Over 2,000 books have been written, nearly all of them positing some kind of conspiracy. According to an article recently published by Vincent Bugliosi, a total of 42 groups, 82 assassins and 214 people have been accused of being responsible for the death of JFK. If not all, then the vast majority of them must be wrong – all those seemingly convincing details in the books coincidental or irrelevant at best, if not highly speculative, ridiculous or fabricated. A look at the Amazon reviews shows that as with the film, what matters to most readers is that there was some kind of a conspiracy. Does one theory suddenly look wobbly when actual evidence or common sense is applied? Never mind – try another book, pick another conspiracy!

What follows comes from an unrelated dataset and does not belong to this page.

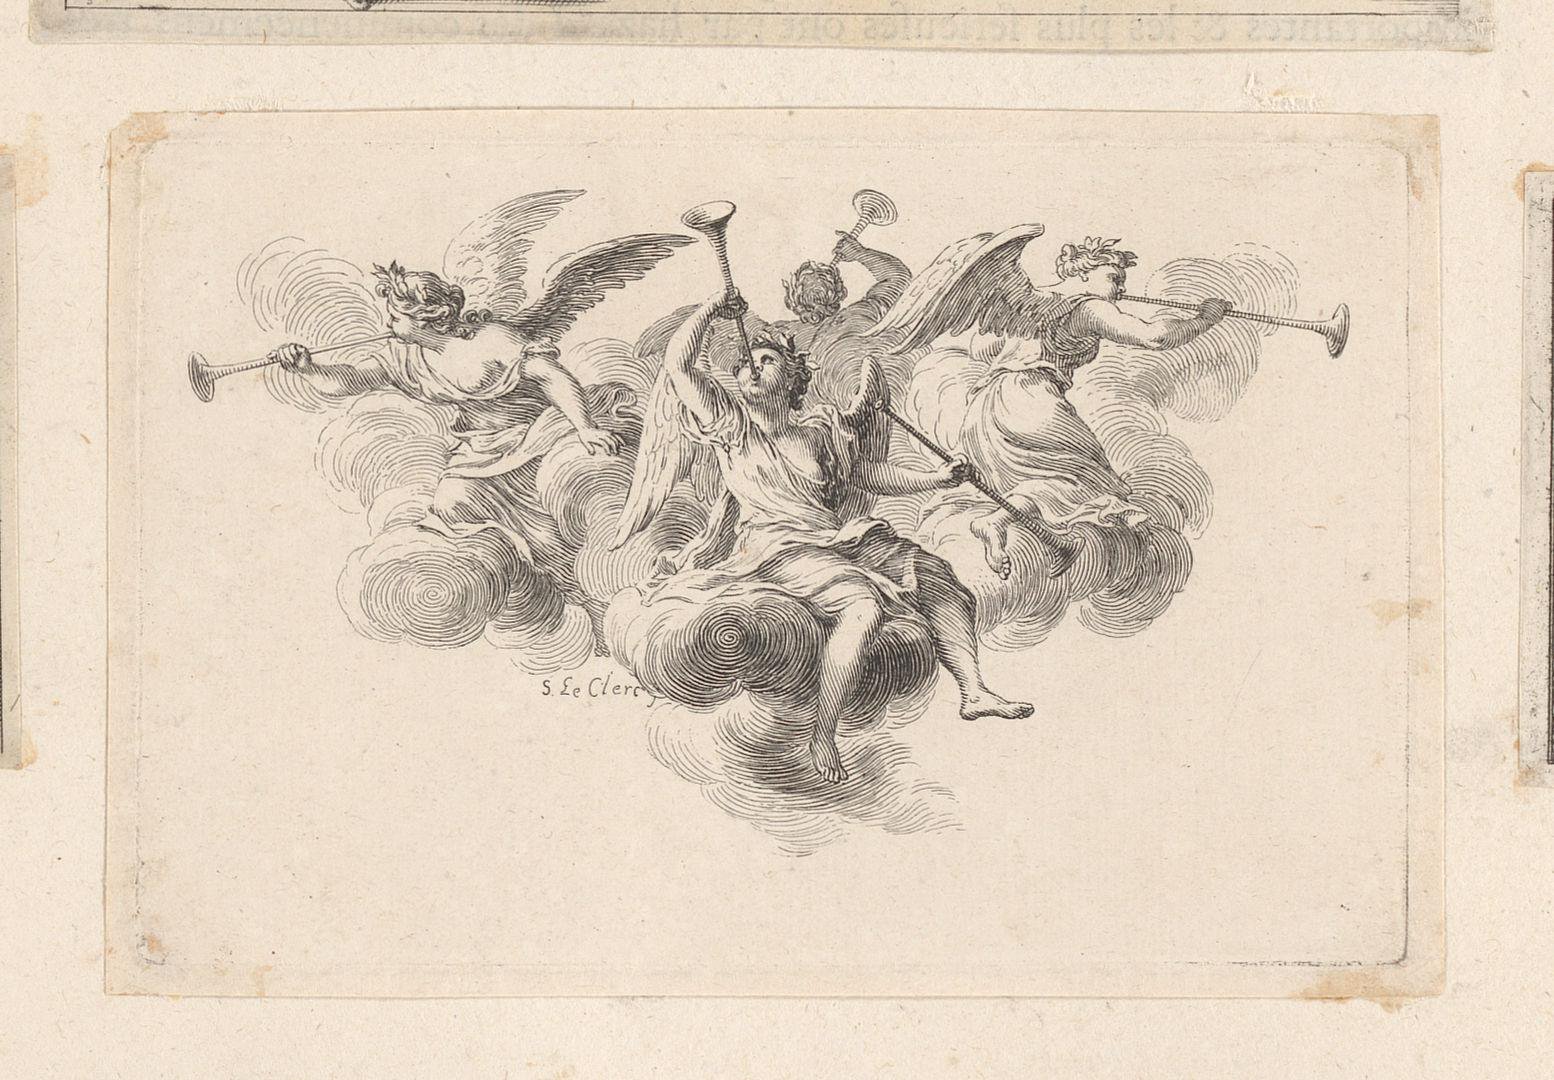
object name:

A great man just could not have been felled by a single assassin. Just as an ordinary girl couldn’t have been killed by her erstwhile friend in a drug-ridden vicious group assault.
Just as with the Italian proceedings, there’s an official written finding for the JFK assassination – the Warren Report. Incomplete and boring though it may be, it still managed to get the key facts right. Like the Kercher case, there’s more than enough evidence for a conviction. As with the Kercher case, there was a flawed official review some time later. Based on a single piece of ‘evidence’, later widely discredited, it found a conspiracy likely.
It’s all available to read online. But if all that sounds like a lot of official reports to wade through, you’d be right. However if you want them laid out in a more user-friendly fashion, with a look at all the key evidence, plus some common-sense conclusions, then I can recommend two sites:
For JFK, there’s Professor John McAdams’ Kennedy Assassination website
For the Meredith Kercher case, see the Murder of Meredith Kercher Wiki
Then, when Knox and Sollecito have their appeals dismissed in ten days or so, it’ll be easy to see why. Easier too, to take a lot of the inevitable outcry from certain quarters with a very large pinch of salt.
And as the pair face re-arrest or start a life on the run, while their accomplice, who sensibly opted for a fast track trial which gave him a reduced sentence, looks forward to freedom soon, perhaps they’ll reflect on what could have been. What they and their supporters might have said, read – and written – differently.